Ex-Instructor Gets Prison for Impersonating Speech Expert
A former speech teacher was sentenced Friday to five years and four months in state prison on charges stemming from her 12-year impersonation of an Ohio speech pathologist.
Ventura Superior Court Judge Bruce A. Thompson compared Wilma Alzenia Alford’s crime to that of an individual who fraudulently substitutes a cheap fake for an expensive, authorized part for a Cadillac.
“You’ll never be able to show the damage. We just know that Alford was a defective part,” Thompson said. “She was never meant to be inserted in the system.”
Alford, 37, of Oxnard was arrested in November at Glenwood Elementary School in Sun Valley, where she had been teaching a special education class for a month. She pleaded guilty in December in Ventura Superior Court to grand theft of the more than $128,000 she earned from her previous employer, the Rio School District in Oxnard. She also pleaded guilty to two forgery charges.
She Used Another’s Transcripts
Alford, who called herself Dr. Ann Wood Wesley, was a speech therapist in the school district from 1977 to 1983. She was hired for the position on the basis of teaching credentials and other documents fraudulently obtained using the name and academic transcripts of a Cincinnati speech pathologist, Dr. Ann Stace Wood, 44.
Alford also forged Wood’s name to two separate applications for California teaching credentials, according to court testimony.
“For 12 years, this person has been leading a life of deception that has harmed innumerable people who came in contact with her,” Ventura Deputy Dist. Atty. Robert Meyers told Thompson before sentencing. “Even those people who were near to her, the people she married, some in bigamous relationships, didn’t know what this lady was.”

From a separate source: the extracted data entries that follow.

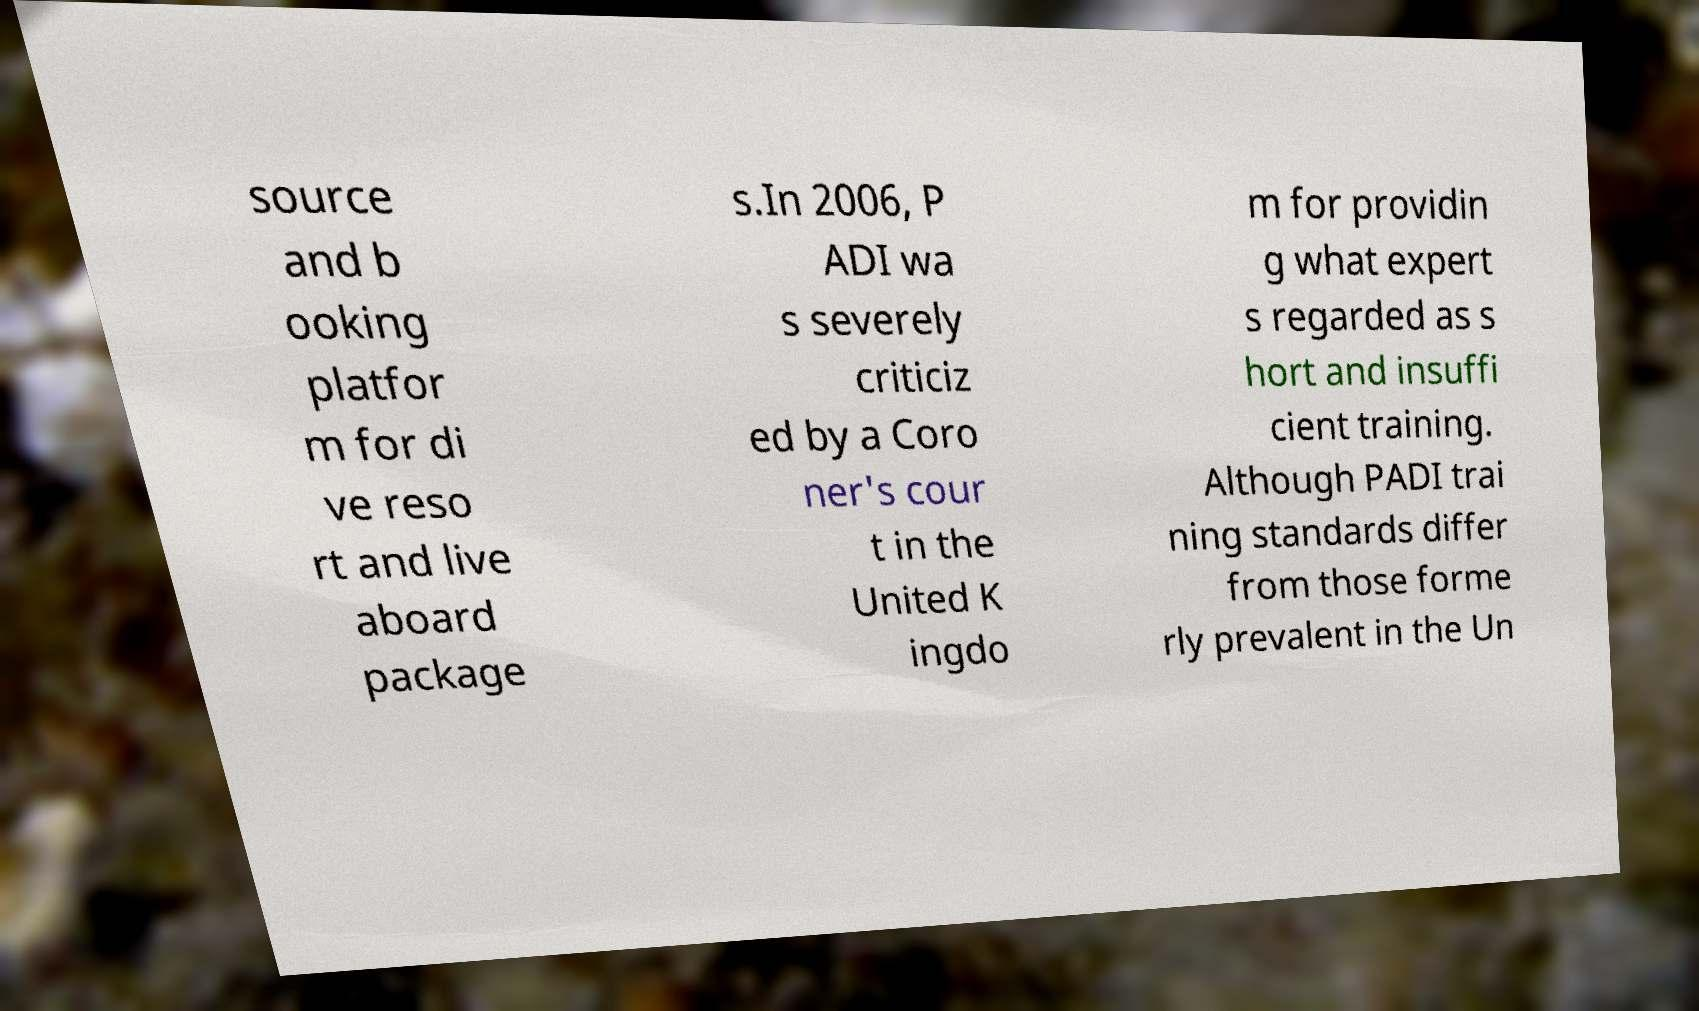Please read and relay the text visible in this image. What does it say? source and b ooking platfor m for di ve reso rt and live aboard package s.In 2006, P ADI wa s severely criticiz ed by a Coro ner's cour t in the United K ingdo m for providin g what expert s regarded as s hort and insuffi cient training. Although PADI trai ning standards differ from those forme rly prevalent in the Un 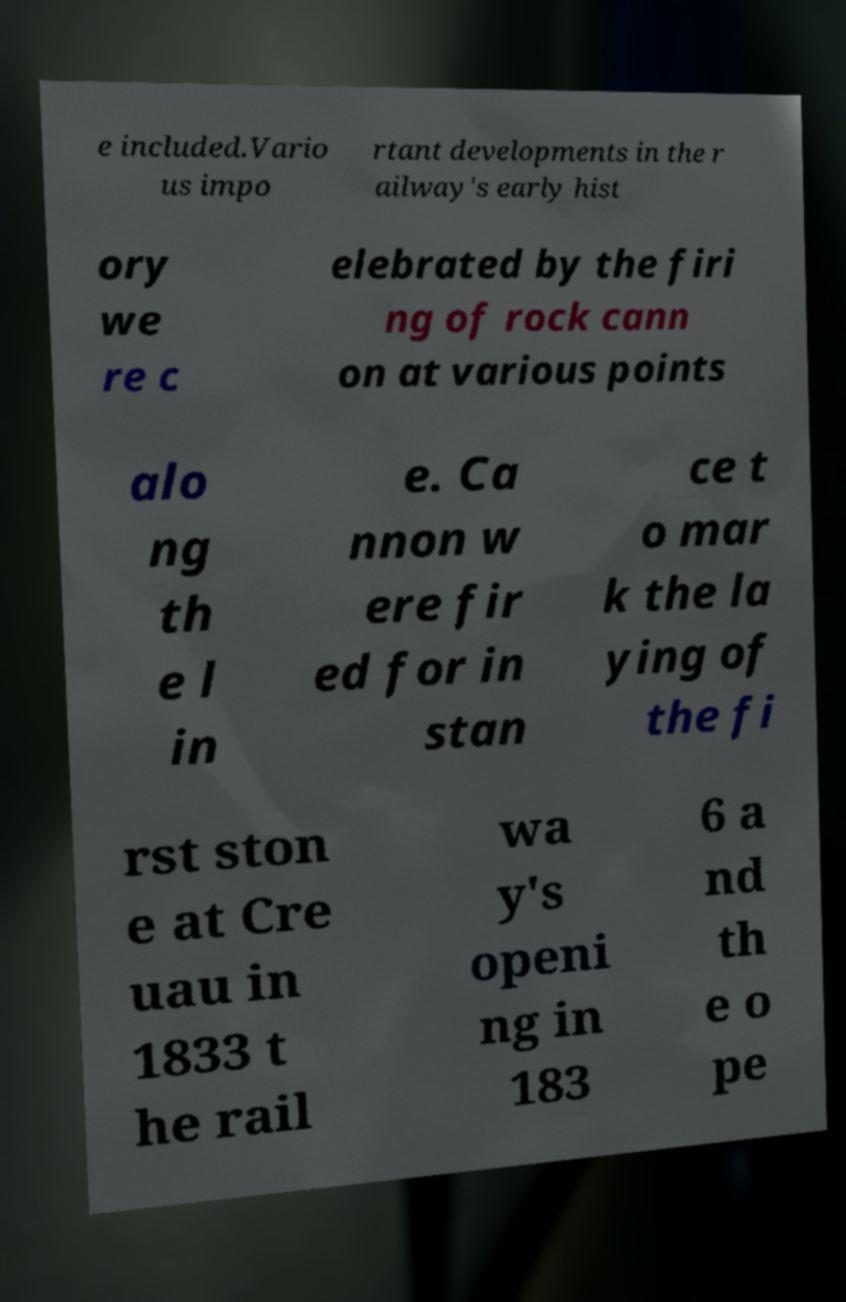For documentation purposes, I need the text within this image transcribed. Could you provide that? e included.Vario us impo rtant developments in the r ailway's early hist ory we re c elebrated by the firi ng of rock cann on at various points alo ng th e l in e. Ca nnon w ere fir ed for in stan ce t o mar k the la ying of the fi rst ston e at Cre uau in 1833 t he rail wa y's openi ng in 183 6 a nd th e o pe 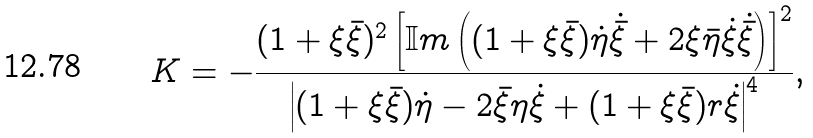Convert formula to latex. <formula><loc_0><loc_0><loc_500><loc_500>K = - \frac { ( 1 + \xi \bar { \xi } ) ^ { 2 } \left [ { \mathbb { I } } { m } \left ( ( 1 + \xi \bar { \xi } ) \dot { \eta } \dot { \bar { \xi } } + 2 \xi \bar { \eta } \dot { \xi } \dot { \bar { \xi } } \right ) \right ] ^ { 2 } } { \left | ( 1 + \xi \bar { \xi } ) \dot { \eta } - 2 \bar { \xi } \eta \dot { \xi } + ( 1 + \xi \bar { \xi } ) r \dot { \xi } \right | ^ { 4 } } ,</formula> 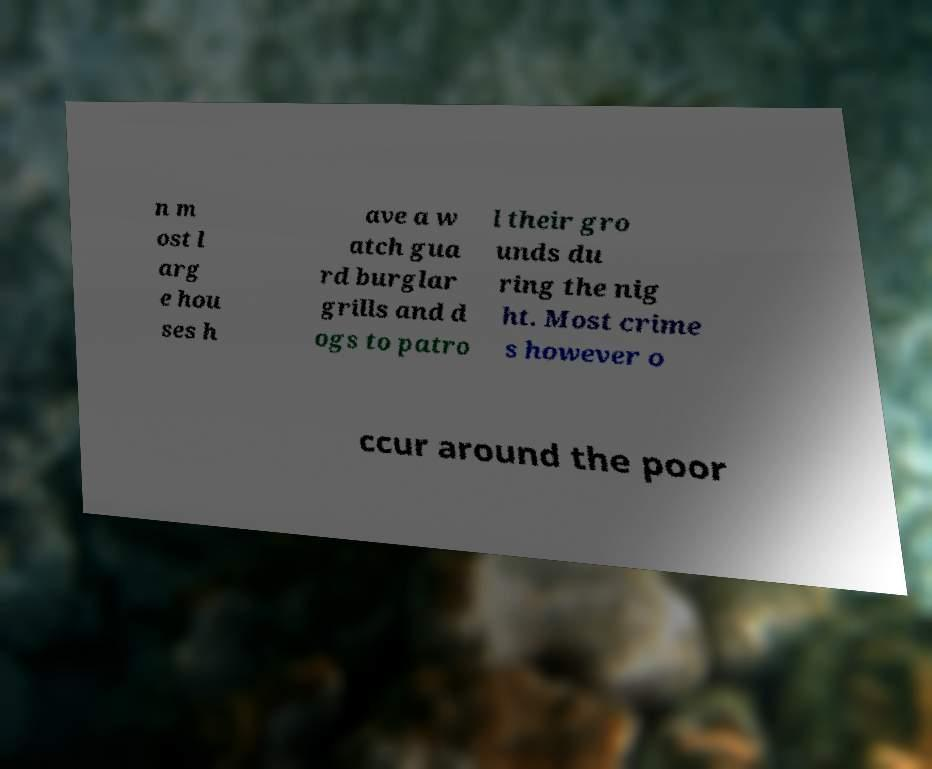What messages or text are displayed in this image? I need them in a readable, typed format. n m ost l arg e hou ses h ave a w atch gua rd burglar grills and d ogs to patro l their gro unds du ring the nig ht. Most crime s however o ccur around the poor 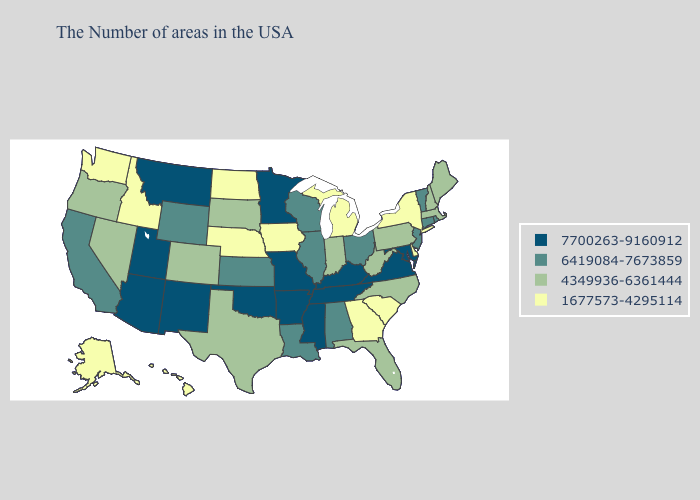What is the value of Illinois?
Answer briefly. 6419084-7673859. What is the highest value in the Northeast ?
Write a very short answer. 6419084-7673859. Name the states that have a value in the range 6419084-7673859?
Write a very short answer. Rhode Island, Vermont, Connecticut, New Jersey, Ohio, Alabama, Wisconsin, Illinois, Louisiana, Kansas, Wyoming, California. Which states have the lowest value in the USA?
Quick response, please. New York, Delaware, South Carolina, Georgia, Michigan, Iowa, Nebraska, North Dakota, Idaho, Washington, Alaska, Hawaii. Among the states that border Kansas , does Oklahoma have the highest value?
Quick response, please. Yes. Does Vermont have the lowest value in the USA?
Be succinct. No. Which states have the lowest value in the USA?
Concise answer only. New York, Delaware, South Carolina, Georgia, Michigan, Iowa, Nebraska, North Dakota, Idaho, Washington, Alaska, Hawaii. Which states hav the highest value in the West?
Short answer required. New Mexico, Utah, Montana, Arizona. Name the states that have a value in the range 4349936-6361444?
Concise answer only. Maine, Massachusetts, New Hampshire, Pennsylvania, North Carolina, West Virginia, Florida, Indiana, Texas, South Dakota, Colorado, Nevada, Oregon. What is the value of North Dakota?
Answer briefly. 1677573-4295114. Name the states that have a value in the range 4349936-6361444?
Answer briefly. Maine, Massachusetts, New Hampshire, Pennsylvania, North Carolina, West Virginia, Florida, Indiana, Texas, South Dakota, Colorado, Nevada, Oregon. What is the highest value in the USA?
Answer briefly. 7700263-9160912. What is the highest value in the USA?
Give a very brief answer. 7700263-9160912. What is the value of Alaska?
Give a very brief answer. 1677573-4295114. Which states have the lowest value in the MidWest?
Keep it brief. Michigan, Iowa, Nebraska, North Dakota. 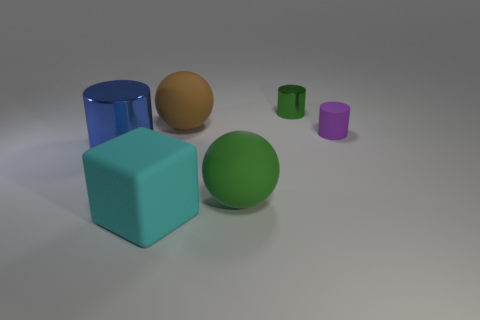Add 1 big blocks. How many objects exist? 7 Subtract all blue cylinders. How many cylinders are left? 2 Subtract all purple cylinders. How many cylinders are left? 2 Subtract 1 green spheres. How many objects are left? 5 Subtract all balls. How many objects are left? 4 Subtract all blue cubes. Subtract all blue cylinders. How many cubes are left? 1 Subtract all yellow spheres. How many purple cylinders are left? 1 Subtract all small green cubes. Subtract all small cylinders. How many objects are left? 4 Add 1 green objects. How many green objects are left? 3 Add 3 green shiny things. How many green shiny things exist? 4 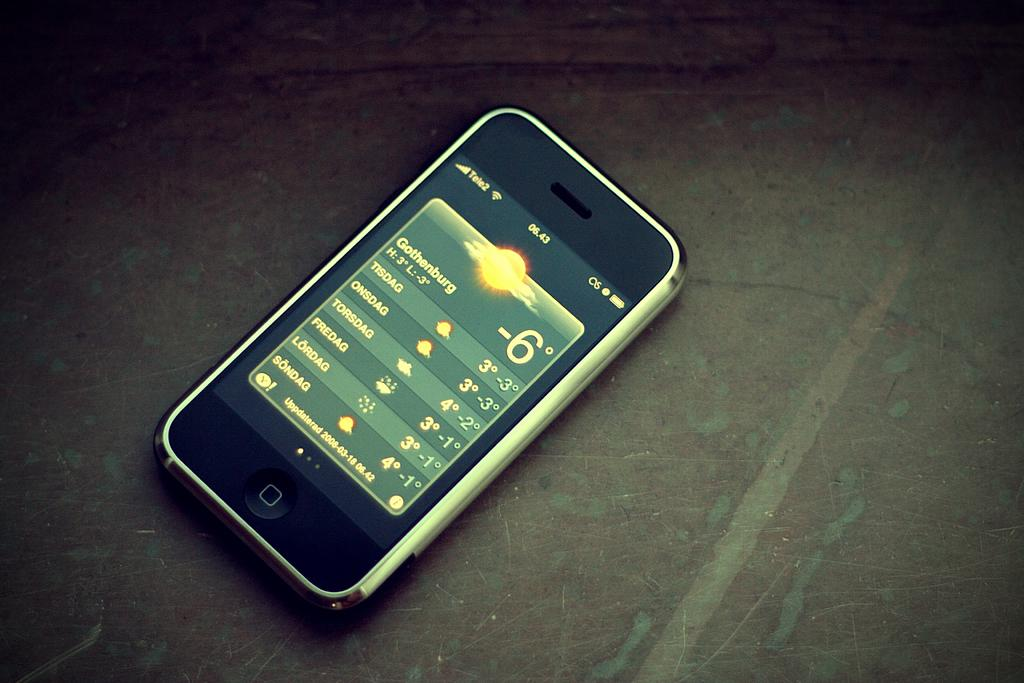<image>
Relay a brief, clear account of the picture shown. A cell phone displays that the temperature in Gothenburg is -6 degrees. 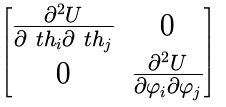<formula> <loc_0><loc_0><loc_500><loc_500>\begin{bmatrix} \frac { \partial ^ { 2 } U } { \partial \ t h _ { i } \partial \ t h _ { j } } & 0 \\ 0 & \frac { \partial ^ { 2 } U } { \partial \varphi _ { i } \partial \varphi _ { j } } \end{bmatrix}</formula>

According to a county probation report, Alford has been using Wood’s credentials since 1972 to practice speech therapy in Arizona, California and elsewhere, even though she never obtained a college degree. The report also said that she was married last year in Florida to Dr. Wallingford H. Bowlin, a Jacksonville physician, without obtaining a divorce from Theodore Wesley of Oxnard.
Defense Attorney Comments
Alford’s attorney, Brenda Souza, told Thompson that Alford’s offense “comes pretty close” to a victimless crime. She noted that the Rio School District had routinely given Alford good performance appraisals. “It would be hard to say she was incompetent. How do you measure competence?” Souza asked.
Meyers said the impostor’s victims included the schoolchildren she treated. “These are the particularly needy, sometimes even desperate individuals the defendant was dealing with, and she was not qualified,” Meyers said.
“The defendant took advantage of a the system, of a position of trust that she fraudulently obtained for herself.”
Thompson denied Alford’s request for probation because “she is still not willing to accept responsibility for what she has done.”